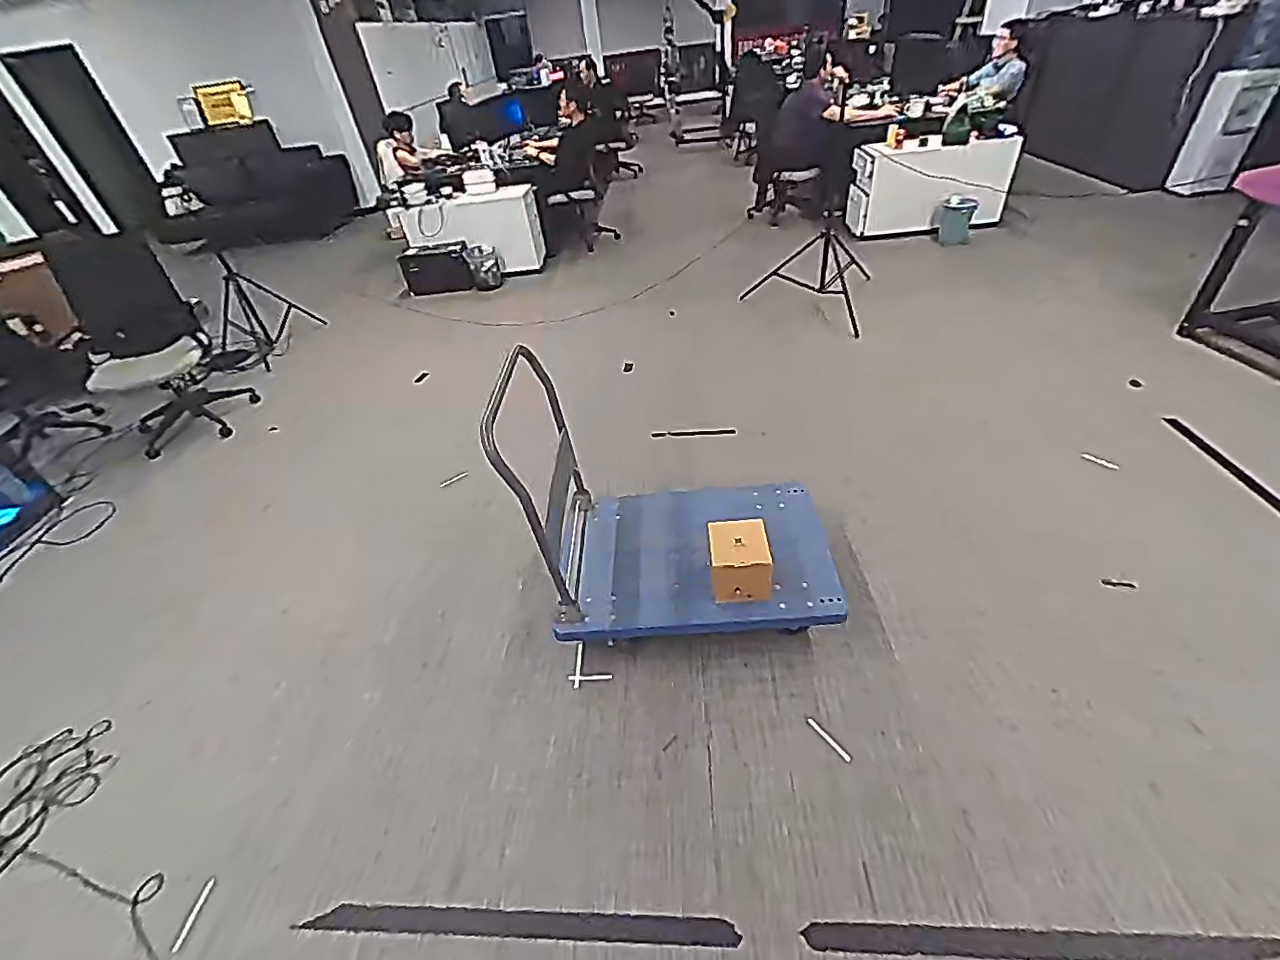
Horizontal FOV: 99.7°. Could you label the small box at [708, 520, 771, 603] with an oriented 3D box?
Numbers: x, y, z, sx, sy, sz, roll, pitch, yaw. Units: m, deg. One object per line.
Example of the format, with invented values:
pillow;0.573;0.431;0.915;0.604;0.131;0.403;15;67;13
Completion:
small box;0.291;0.244;1.613;0.168;0.176;0.179;-5;40;4

· · · ·

*Exercise aim:* Would you copy every line of the entries that includes the word "with"?

*Solution for this task:*
Horizontal FOV: 99.7°. Could you label the small box at [708, 520, 771, 603] with an oriented 3D box?
Example of the format, with invented values:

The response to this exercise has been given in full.